Any of you guys have an idea of what the various chippers cost whith different engine options? I'm looking at the tornado 15 inch and the 2400 tandem axle 2400.


----------



## blackwaterguide (Jan 5, 2005)

I'm always open to other ideas, options, and beliefs.....name your brand and let me know what you think. I am trying to get away from my old chuck and duck.


----------



## treeman82 (Jan 6, 2005)

I think Brett paid $34,000 for his Tornado a couple years back.

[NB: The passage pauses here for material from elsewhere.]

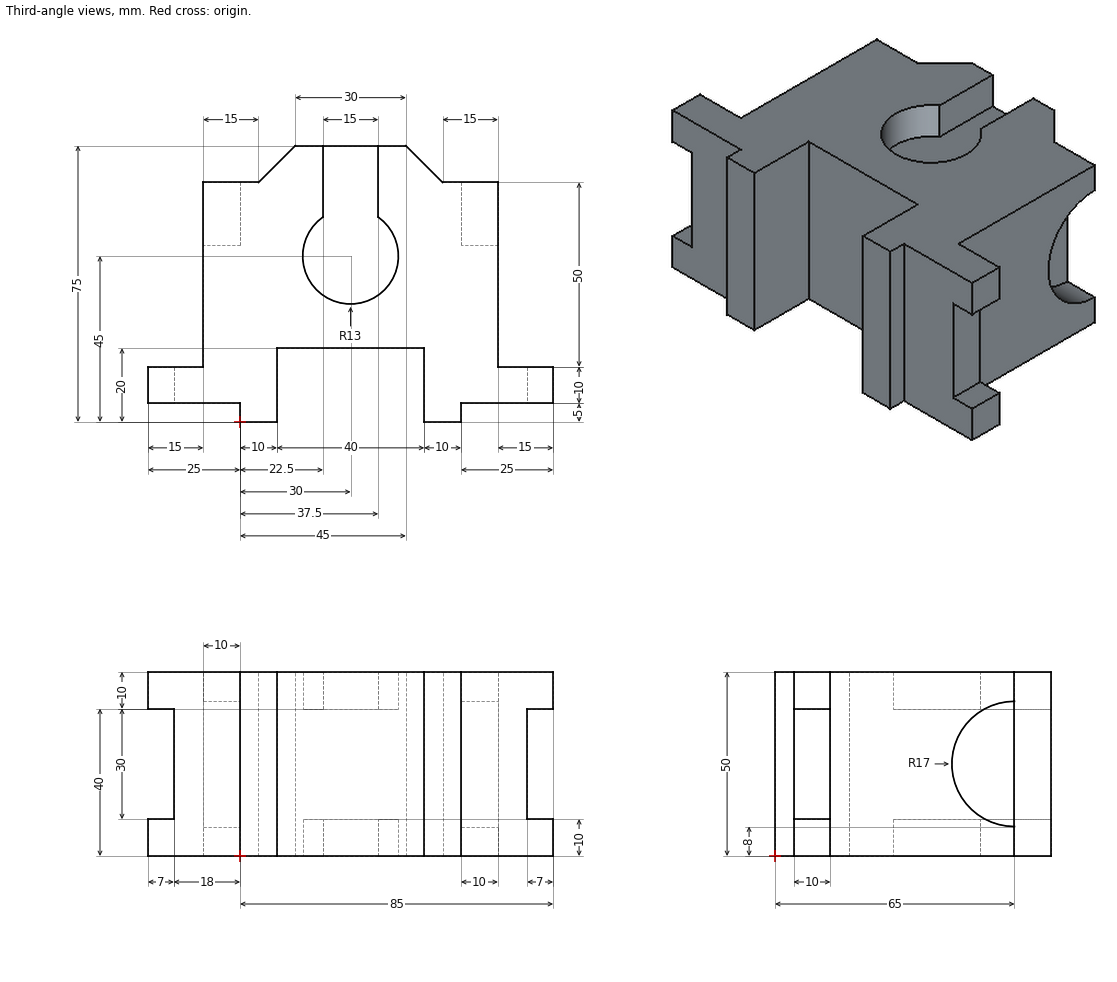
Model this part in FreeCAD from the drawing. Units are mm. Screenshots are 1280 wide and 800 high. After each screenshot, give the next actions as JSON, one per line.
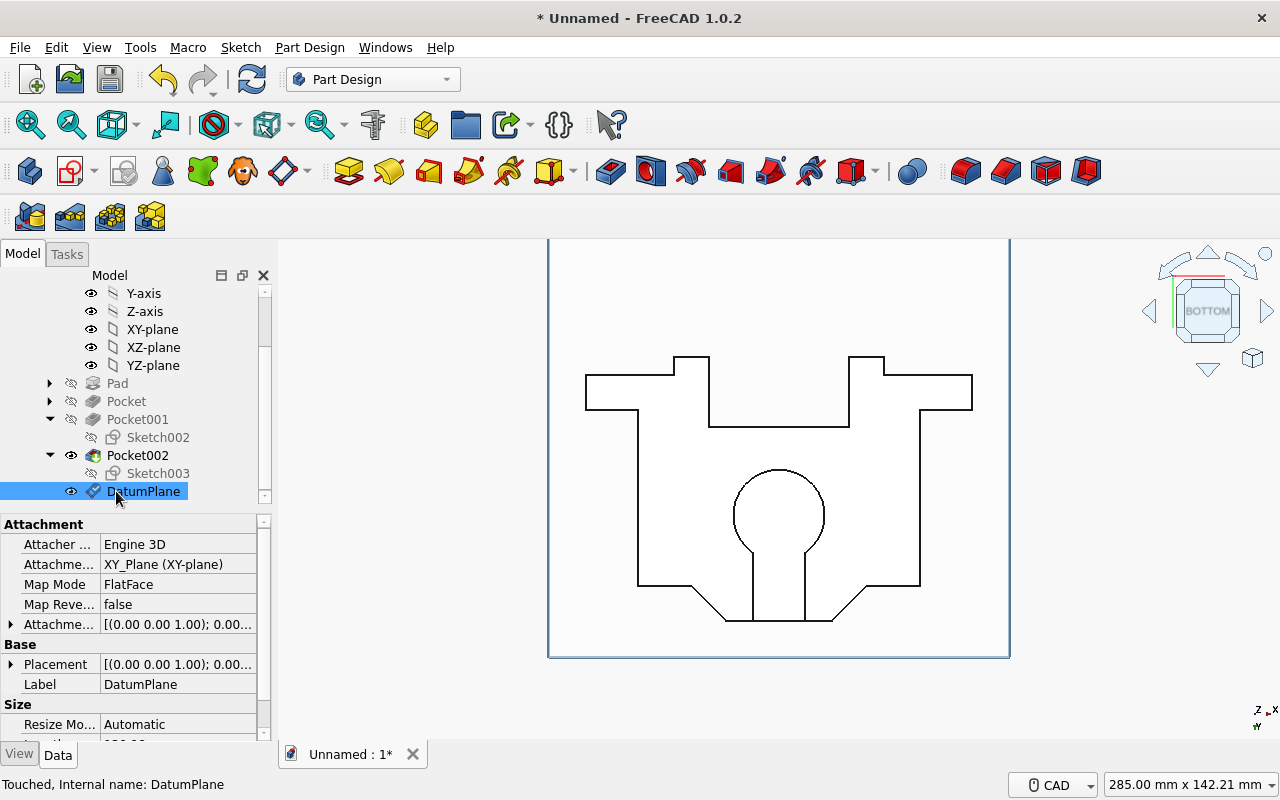
{"action": "left_click", "coordinate": [70, 172]}

As far as the 2400 goes, I believe it's $40,000 and up to somewhere around $80,000 if you get all the works (large engine and loader)

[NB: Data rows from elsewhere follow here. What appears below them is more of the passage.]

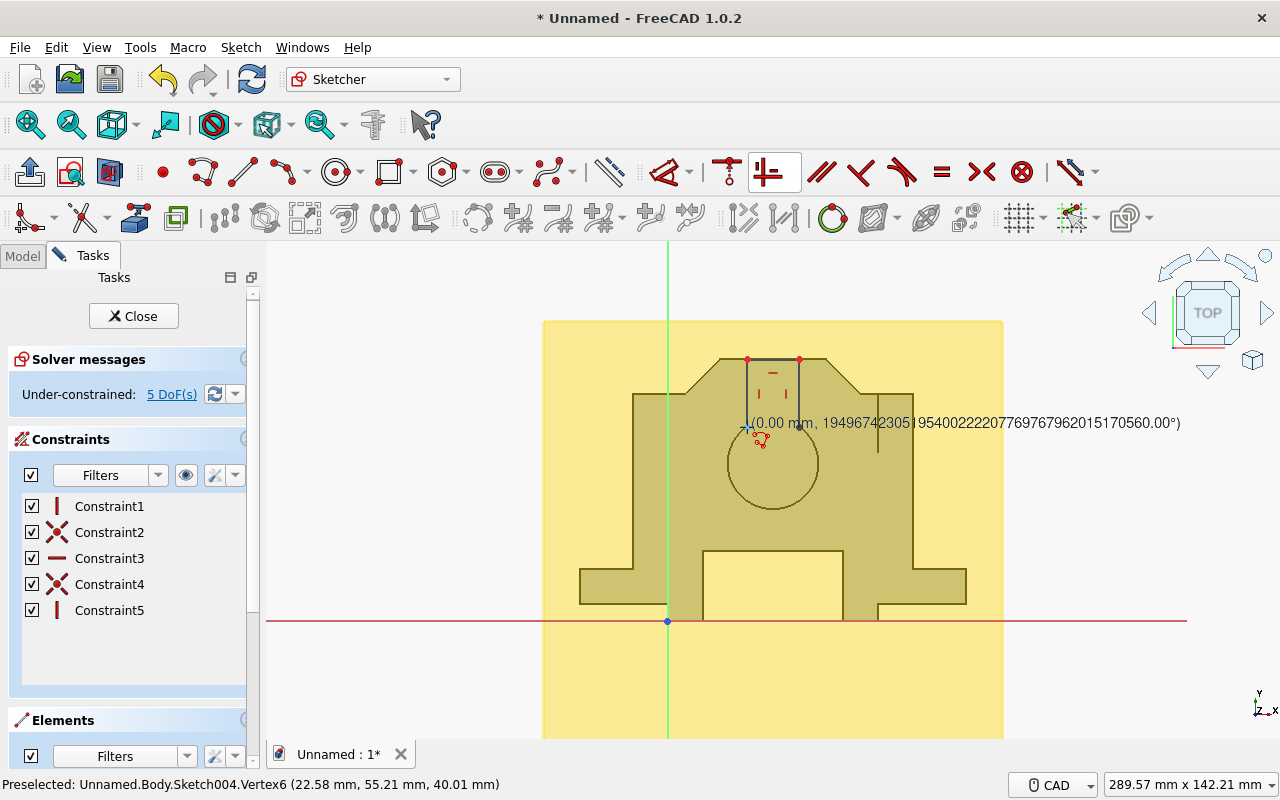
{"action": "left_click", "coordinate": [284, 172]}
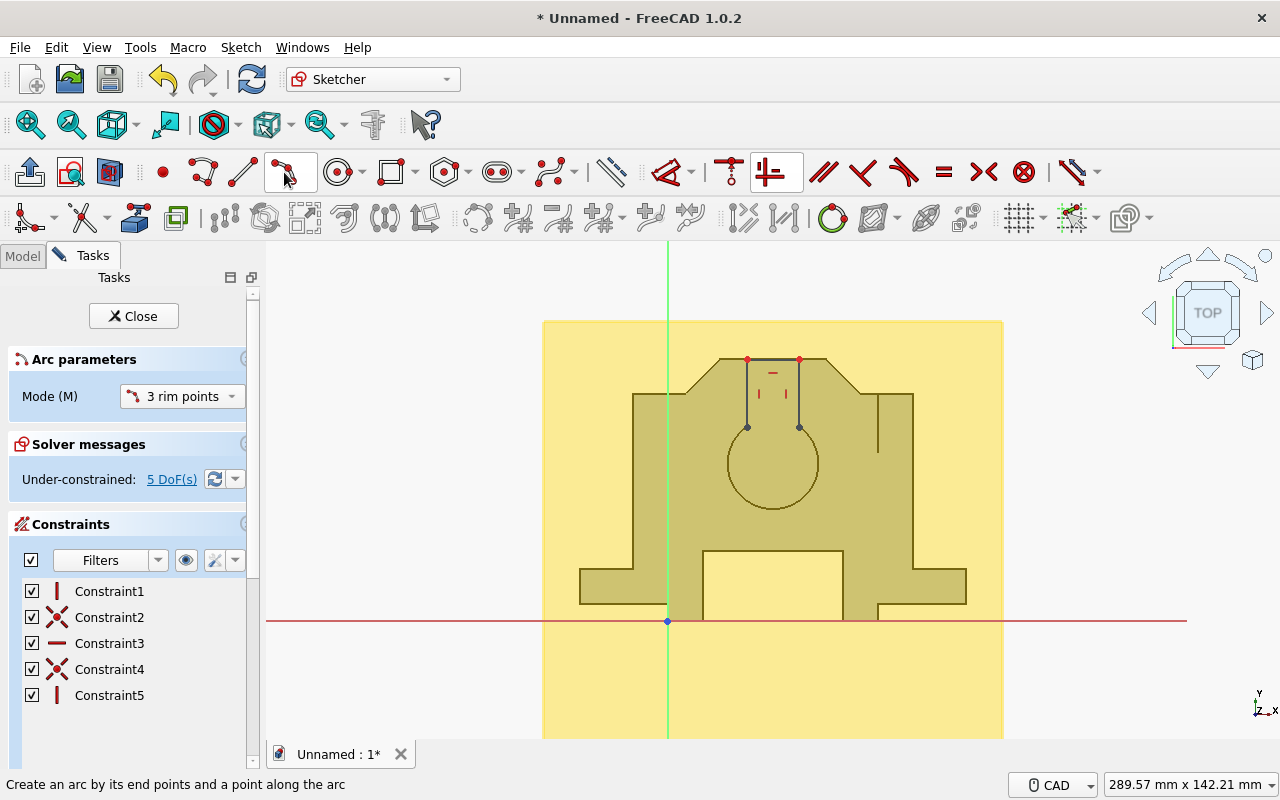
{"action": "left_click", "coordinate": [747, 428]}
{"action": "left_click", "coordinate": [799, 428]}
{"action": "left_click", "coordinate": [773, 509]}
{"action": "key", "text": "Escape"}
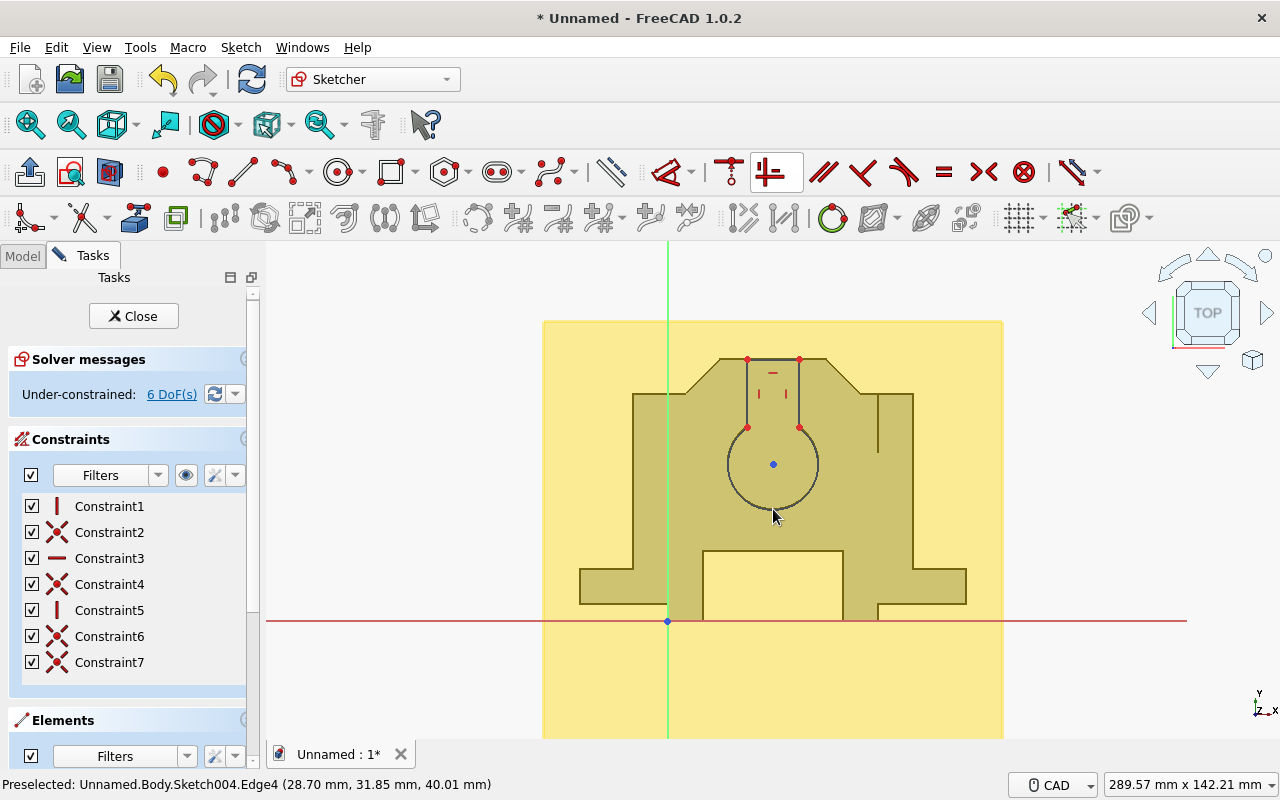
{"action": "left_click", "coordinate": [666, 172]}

As far as brands go, I don't think you will go wrong with Morbark because those machines simply refuse to die... built like tanks.


----------



## blackwaterguide (Jan 6, 2005)

thanks treeman. I have'nt been on the site for awhile-Merry Christmas and a good new year to you guys.


----------



## fpyontek (Jan 14, 2005)

*Get other opnions about Morbark 2400*

Short version: 
I would not buy a Morbark machine again because the company does not stand behind their product.
Long version:
I have an 88 Morbark (290 ?) I bought new, still runs great, but feels like a toy after using my Brush Bandit 200+ for six years. After my Brush Bandit was stolen, (see Large Equipment Forum), I needed to find a new chipper. I thought I should try a Morbark, since my old one lasted so long they must be doing something right. I rented a model 13, aptly named, for one day. Beautiful chips, if they would just come out of the discharge chute. While searching for another chipper I saw that Morbark had developed the Hurricane version of their drum chippers to solve the clogging problem. Great, and they have a model 2400 which will take an 18" to 20" Diameter log, depending on who you listen to. I saw a lot of Morbark 2400s and other drum models. I was about to buy a used 2400 Hurricane, with low hours, seemed like a good price, 22K. Before I bought, I called my friend in CT. who, as I remembered, had bought one.
Several years ago he bought a 2400 new, (pre Hurricane). First day he brings it home the discharge chute continually clogs. He calls the dealer, their response is "need to throw something big in". Next problem is the feed wheel gets bound up with vines. He says that it is almost impossible to unbind the feed wheel with the machine off so he resorts to doing it with the feed wheel turning. I have no clue how, but it sounds dangerous. It was dangerous, he lost the part of one finger while unbinding the feed wheel one time. Final straw, several months later, is when he throws a 14" piece of hard maple into the chipper and the wedge that holds the blade in the drum pocket lets go. Morbark refused to take any responsibility for poor design. My friend says the happiest day of his life was when he sold this less than one year old chipper for parts.
Isolated event? Hardly. I decide to stick with Brush bandit. I find a 2001 model 254 at a dealer near Pittsburg,PA and go out to pick it up. While talking to the owner I related the above story about my friend in CT. and his problems with the Morbark 2400. The dealer then shows me the Morbark 2400 Hurricane that is in the back of his lot. It looked like a bomb went off inside the drum housing. The wedge that holds the blade in the drum pocket had also let go. Scary, the drum had broken off the shaft, holes everywhere.


----------